Kaum dass sie die Pforte durchschritten haben, tauchen sie nahe der vierzig Meilen entfernten Stadt Alexandria wieder auf. Wilhelm trifft angesichts der neuen und überraschenden Situation die Entscheidung, die Gruppe zu teilen: während er und sein treu ergebener Verbündeter Jehu versuchen, eine Schiffspassage nach Akko zu finden, um dort seinen Vorgesetzten über die vergangenen Ereignisses Bericht zu erstatten, sollen unter anderem Gunter und Klothilde in Alexandria den Meister des ehemaligen Lehrers des Alchemisten, den uralten Rabbi Mathias aufsuchen, in der Hoffnung, dass der weise Mann etwas Licht in das Dunkel der Geheimnisse bringe. Doch statt Erklärungen und Wissen harrt der beiden Brüder am Ende ihrer Wege zunächst Böses.

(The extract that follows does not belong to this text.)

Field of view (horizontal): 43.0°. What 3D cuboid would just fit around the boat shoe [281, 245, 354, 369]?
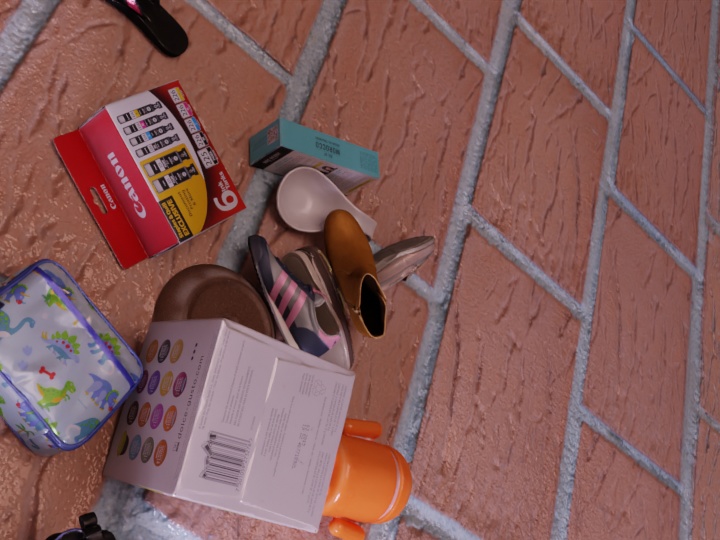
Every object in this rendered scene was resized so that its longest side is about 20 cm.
[{"bbox_3d":[-0.052,0.059,1.371,0.059,0.072,0.200,-26,93,-51],"label":"boat shoe"}]

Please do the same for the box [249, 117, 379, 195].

Wilhelm muss in Akko nicht nur erfahren, dass der dort auf ihn wartende Kardinal Pelagius mittlerweile von dem Unmenschlichen besessen ist, das in den Katakomben lauerte, sondern wird von diesem auch vor die Wahl gestellt, zu sterben oder selbst Anhänger des Wathan zu werden; Gunter und seine Freunde werden nicht nur von den Anhängern des Rabbis in eine Falle geführt, sondern sehen sich in den Sümpfen um Alexandria unversehens einer großen Schar Assassinen gegenüber, die den totgeglaubten Ulrich in ihren Reihen haben, welcher ebenfalls als Diener des Wathan über unermessliche Kräfte zu verfügen scheint. Gunter sieht nur einen Ausweg: er muss dem Wathan erlauben, auch in ihn zu fahren, in der Hoffnung, dass er es ist, der das Wesen beherrschen kann.

Und das alles ist erst der Beginn eines Abenteuers, das selbst im 20 Jahrhundert noch nicht zu Ende sein soll.

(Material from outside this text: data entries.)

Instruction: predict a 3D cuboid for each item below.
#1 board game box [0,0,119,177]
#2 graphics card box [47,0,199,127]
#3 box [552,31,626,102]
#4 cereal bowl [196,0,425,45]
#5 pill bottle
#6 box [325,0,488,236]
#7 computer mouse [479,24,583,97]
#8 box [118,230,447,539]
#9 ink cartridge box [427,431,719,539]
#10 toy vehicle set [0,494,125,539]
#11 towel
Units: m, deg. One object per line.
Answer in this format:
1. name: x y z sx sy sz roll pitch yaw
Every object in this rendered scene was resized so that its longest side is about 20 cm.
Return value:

Auch im zweiten Band sind nicht nur nicht historische Genauigkeit oder penible Logik Izus und Nikolavitch Anliegen, sondern nach wie vor wirkt die Geschichte selbst als bloßer Aufhänger bzw. Rahmen für Mystery- und Horror-Szenen sowie fantastische Action. Auch wenn sowohl die Motivation Gunters, der mittlerweile eindeutig zum Hauptprotagonisten avancierte, als auch der Handlungshintergrund selbst durch einige Rückblenden erhellt wird, so sind es die zahlreichen, exzellent choreografierten Kampfszenen, aber auch die Konfrontationen und die blutigen Machtdemonstrationen einzelner Figuren, die den Leser bis zum cthuloiden, rätselhaften und erzählerisch gelungenen Ende bei der Stange halten.

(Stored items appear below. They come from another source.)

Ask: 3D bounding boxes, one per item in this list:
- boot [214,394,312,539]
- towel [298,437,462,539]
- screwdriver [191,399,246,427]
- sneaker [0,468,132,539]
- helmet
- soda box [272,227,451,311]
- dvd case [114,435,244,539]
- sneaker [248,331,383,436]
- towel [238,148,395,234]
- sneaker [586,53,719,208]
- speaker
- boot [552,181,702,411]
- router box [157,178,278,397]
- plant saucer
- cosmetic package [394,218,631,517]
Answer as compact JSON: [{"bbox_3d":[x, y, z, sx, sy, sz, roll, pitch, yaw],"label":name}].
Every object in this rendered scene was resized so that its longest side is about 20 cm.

Dass die Story so gut funktioniert liegt nicht unwesentlich am in Zeichnung wie Koloration grandiosen Artwork. Harte Schatten und deutliche Schraffuren verleihen den an sich klaren Bildern nicht nur Lebendigkeit, Tiefe und Volumen, sondern sorgen auch für einen düsteren Grundton, der durch die realismusnahe dunkle, auf visuelles Highlightining und Eyecatcher setzende Koloration nochmals unterstrichen wird.

Fazit: Ein gleichsam anspruchsloses wie spannendes und actionreiches Mystery-Abenteuer, das man sich von seiner ganzen Konzeption und Umsetzung her problemlos als Kinofilm vorstellen kann. Popcorn-Fantasy vom Feinsten.